===== EXERCISE INPUTS =====
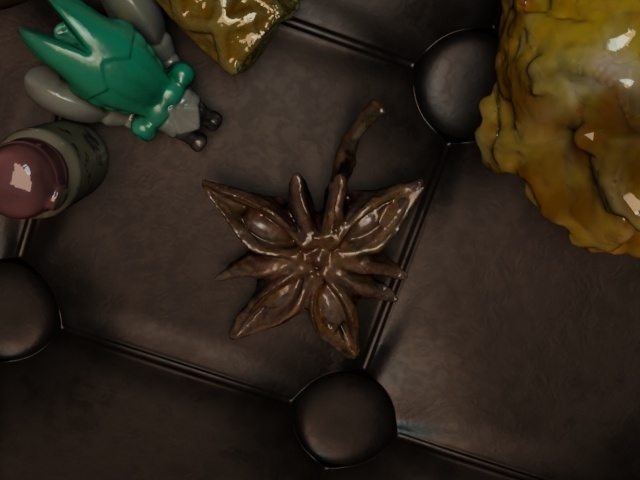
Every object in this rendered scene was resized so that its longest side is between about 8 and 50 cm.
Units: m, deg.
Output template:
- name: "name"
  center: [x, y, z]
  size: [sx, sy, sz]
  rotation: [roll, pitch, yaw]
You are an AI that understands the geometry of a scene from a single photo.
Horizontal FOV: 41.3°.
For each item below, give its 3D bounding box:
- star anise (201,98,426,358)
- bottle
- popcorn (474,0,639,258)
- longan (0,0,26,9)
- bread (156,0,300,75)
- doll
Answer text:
- name: "star anise"
  center: [-0.002, 0.001, 1.116]
  size: [0.293, 0.109, 0.349]
  rotation: [-12, 112, -6]
- name: "bottle"
  center: [-0.335, -0.084, 1.026]
  size: [0.110, 0.233, 0.110]
  rotation: [0, 102, -1]
- name: "popcorn"
  center: [0.376, -0.175, 0.985]
  size: [0.354, 0.344, 0.390]
  rotation: [39, 72, -48]
- name: "longan"
  center: [-0.369, -0.390, 0.966]
  size: [0.215, 0.246, 0.246]
  rotation: [-13, 104, -35]
- name: "bread"
  center: [-0.148, -0.341, 1.029]
  size: [0.267, 0.130, 0.152]
  rotation: [46, 55, -9]
- name: "doll"
  center: [-0.261, -0.203, 1.063]
  size: [0.195, 0.153, 0.258]
  rotation: [-32, 118, -13]
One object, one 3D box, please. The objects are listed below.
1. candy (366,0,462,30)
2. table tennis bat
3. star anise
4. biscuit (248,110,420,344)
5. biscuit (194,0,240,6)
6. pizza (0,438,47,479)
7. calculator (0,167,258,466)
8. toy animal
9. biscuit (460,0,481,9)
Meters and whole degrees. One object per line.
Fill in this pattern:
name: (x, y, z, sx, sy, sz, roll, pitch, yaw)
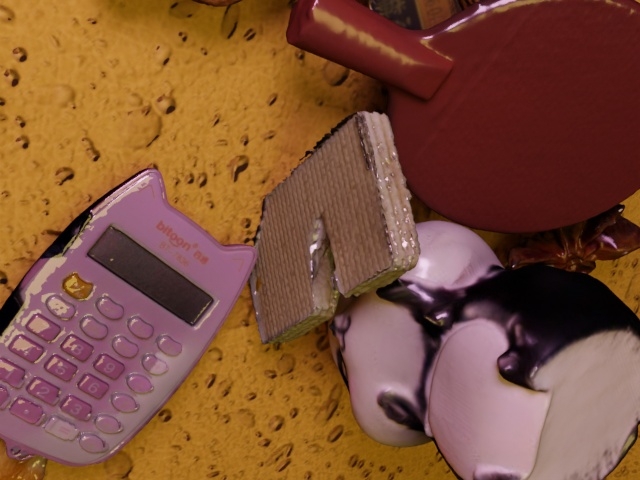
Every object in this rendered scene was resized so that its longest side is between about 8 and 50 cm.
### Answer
candy: (0.096, -0.182, 0.758, 0.143, 0.101, 0.271, -13, 126, 14)
table tennis bat: (0.160, -0.126, 0.723, 0.414, 0.051, 0.268, 18, 128, -24)
star anise: (0.287, 0.009, 0.939, 0.196, 0.111, 0.213, 6, 117, -23)
biscuit: (0.000, 0.000, 0.739, 0.046, 0.147, 0.250, 0, 157, -33)
biscuit: (-0.085, -0.318, 0.605, 0.272, 0.049, 0.257, -20, 110, -7)
pizza: (-0.347, 0.232, 0.761, 0.181, 0.034, 0.262, 16, 103, -32)
calculator: (-0.203, 0.084, 0.751, 0.194, 0.043, 0.294, 41, 84, -35)
toy animal: (0.143, 0.110, 0.791, 0.250, 0.310, 0.251, -17, 121, -30)
biscuit: (0.161, -0.291, 0.770, 0.094, 0.054, 0.379, -40, 124, -5)
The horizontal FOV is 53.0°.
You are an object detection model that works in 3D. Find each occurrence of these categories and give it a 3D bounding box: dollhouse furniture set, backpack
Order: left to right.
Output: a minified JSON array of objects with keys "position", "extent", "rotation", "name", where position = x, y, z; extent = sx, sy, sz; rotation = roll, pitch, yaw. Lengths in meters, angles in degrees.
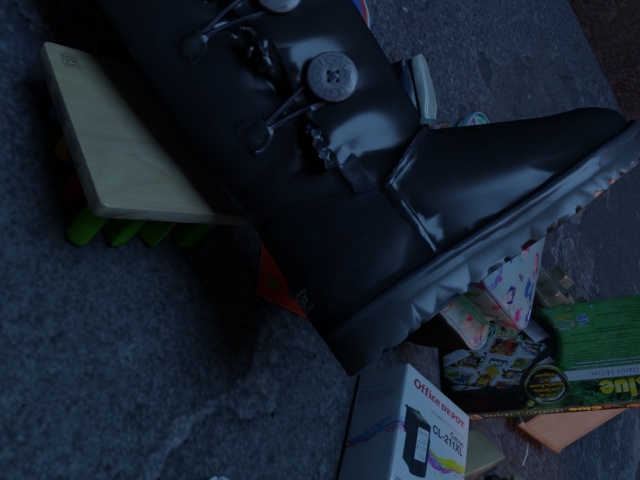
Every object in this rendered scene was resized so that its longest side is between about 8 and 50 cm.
[{"position":[0.153,-0.020,0.746],"extent":[0.225,0.191,0.254],"rotation":[43,52,-48],"name":"backpack"},{"position":[0.178,0.338,0.776],"extent":[0.144,0.123,0.151],"rotation":[5,33,-49],"name":"dollhouse furniture set"},{"position":[0.349,0.139,1.069],"extent":[0.303,0.174,0.356],"rotation":[38,21,-30],"name":"dollhouse furniture set"}]

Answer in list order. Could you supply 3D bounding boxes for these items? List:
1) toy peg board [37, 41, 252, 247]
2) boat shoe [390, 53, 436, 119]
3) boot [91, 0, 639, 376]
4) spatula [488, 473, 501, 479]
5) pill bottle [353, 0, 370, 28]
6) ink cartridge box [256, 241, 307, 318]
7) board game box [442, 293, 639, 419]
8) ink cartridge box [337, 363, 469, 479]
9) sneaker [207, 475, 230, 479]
[{"position":[-0.159,-0.067,0.554],"extent":[0.161,0.079,0.161],"rotation":[2,54,-52],"name":"toy peg board"},{"position":[0.128,-0.140,0.917],"extent":[0.095,0.079,0.255],"rotation":[9,73,-66],"name":"boat shoe"},{"position":[0.034,-0.167,0.564],"extent":[0.367,0.146,0.445],"rotation":[-32,80,-24],"name":"boot"},{"position":[0.303,0.442,0.871],"extent":[0.084,0.030,0.297],"rotation":[-37,101,-53],"name":"spatula"},{"position":[-0.050,-0.248,0.725],"extent":[0.221,0.124,0.124],"rotation":[-18,86,-52],"name":"pill bottle"},{"position":[0.000,0.000,0.723],"extent":[0.145,0.045,0.179],"rotation":[31,47,-37],"name":"ink cartridge box"},{"position":[0.286,0.152,0.817],"extent":[0.030,0.259,0.136],"rotation":[49,37,-50],"name":"board game box"},{"position":[0.090,0.240,0.682],"extent":[0.127,0.072,0.175],"rotation":[43,44,-28],"name":"ink cartridge box"},{"position":[-0.027,0.254,0.529],"extent":[0.166,0.076,0.065],"rotation":[46,43,-25],"name":"sneaker"}]
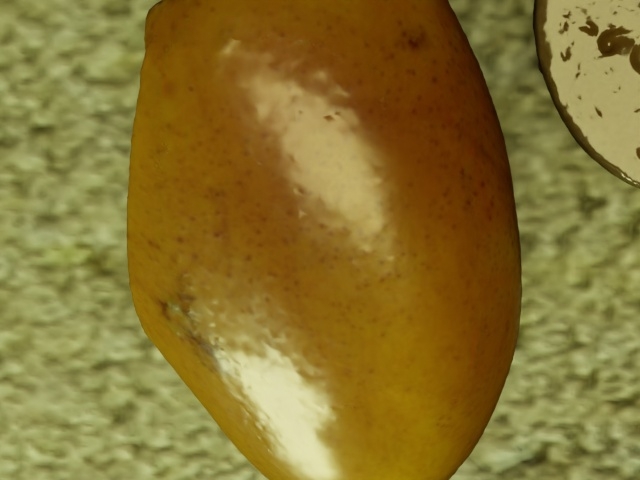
=====
# WHAT THE EXERCISE ASKS:
Give the exact lines, and only those, from the line containing "- star anise (201,98,426,358)" through the line containing "9. biscuit (460,0,481,9)" in the entries above.

# ANSWER TO THE PROBLEM:
- star anise (201,98,426,358)
- bottle
- popcorn (474,0,639,258)
- longan (0,0,26,9)
- bread (156,0,300,75)
- doll
Answer text:
- name: "star anise"
  center: [-0.002, 0.001, 1.116]
  size: [0.293, 0.109, 0.349]
  rotation: [-12, 112, -6]
- name: "bottle"
  center: [-0.335, -0.084, 1.026]
  size: [0.110, 0.233, 0.110]
  rotation: [0, 102, -1]
- name: "popcorn"
  center: [0.376, -0.175, 0.985]
  size: [0.354, 0.344, 0.390]
  rotation: [39, 72, -48]
- name: "longan"
  center: [-0.369, -0.390, 0.966]
  size: [0.215, 0.246, 0.246]
  rotation: [-13, 104, -35]
- name: "bread"
  center: [-0.148, -0.341, 1.029]
  size: [0.267, 0.130, 0.152]
  rotation: [46, 55, -9]
- name: "doll"
  center: [-0.261, -0.203, 1.063]
  size: [0.195, 0.153, 0.258]
  rotation: [-32, 118, -13]
One object, one 3D box, please. The objects are listed below.
1. candy (366,0,462,30)
2. table tennis bat
3. star anise
4. biscuit (248,110,420,344)
5. biscuit (194,0,240,6)
6. pizza (0,438,47,479)
7. calculator (0,167,258,466)
8. toy animal
9. biscuit (460,0,481,9)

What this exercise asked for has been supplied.